--- START ---

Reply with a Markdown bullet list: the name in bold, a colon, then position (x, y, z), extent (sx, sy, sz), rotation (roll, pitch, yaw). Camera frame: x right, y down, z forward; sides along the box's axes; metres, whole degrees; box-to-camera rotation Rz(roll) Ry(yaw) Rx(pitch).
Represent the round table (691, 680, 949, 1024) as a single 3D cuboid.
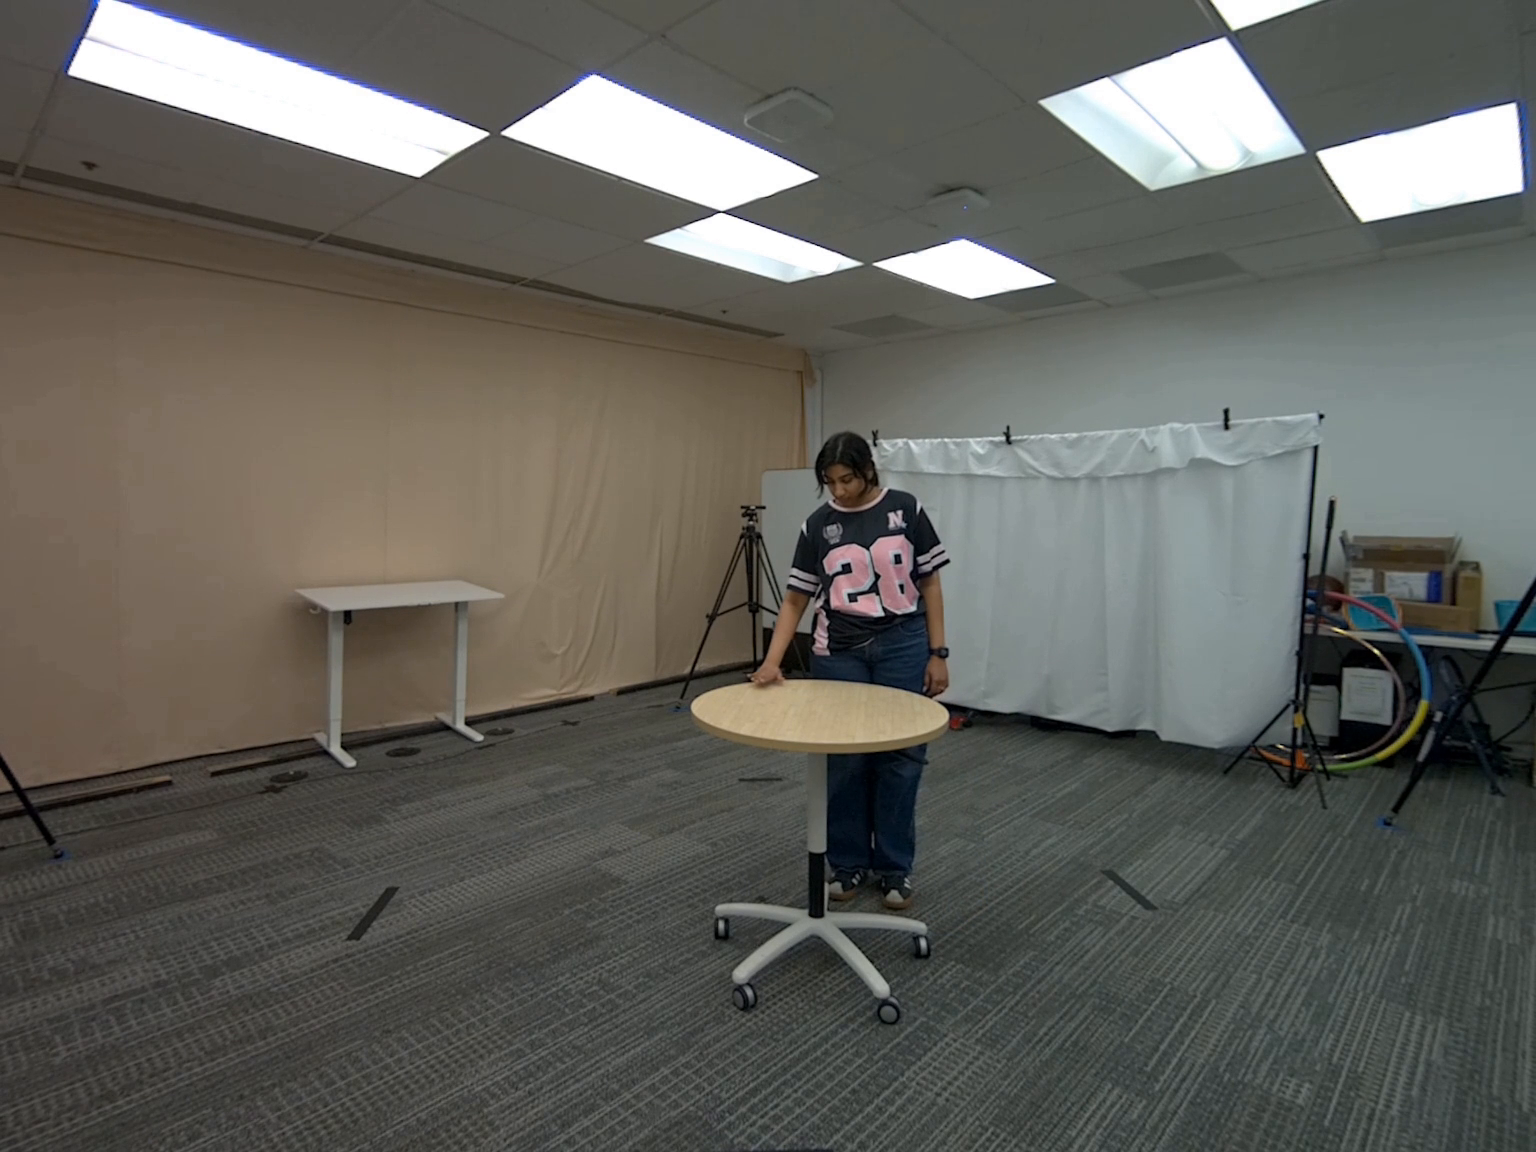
- **round table**: position (0.162, 0.787, 2.552), extent (0.784, 0.785, 0.788), rotation (0, 4, -2)

--- END ---

What the exercise asks>
Your answer must be exactly the lines from the one with "Represent the round" through the final line of the data, with no pictures in it.

Solution for this exercise>
Represent the round table (691, 680, 949, 1024) as a single 3D cuboid.
- **round table**: position (0.162, 0.787, 2.552), extent (0.784, 0.785, 0.788), rotation (0, 4, -2)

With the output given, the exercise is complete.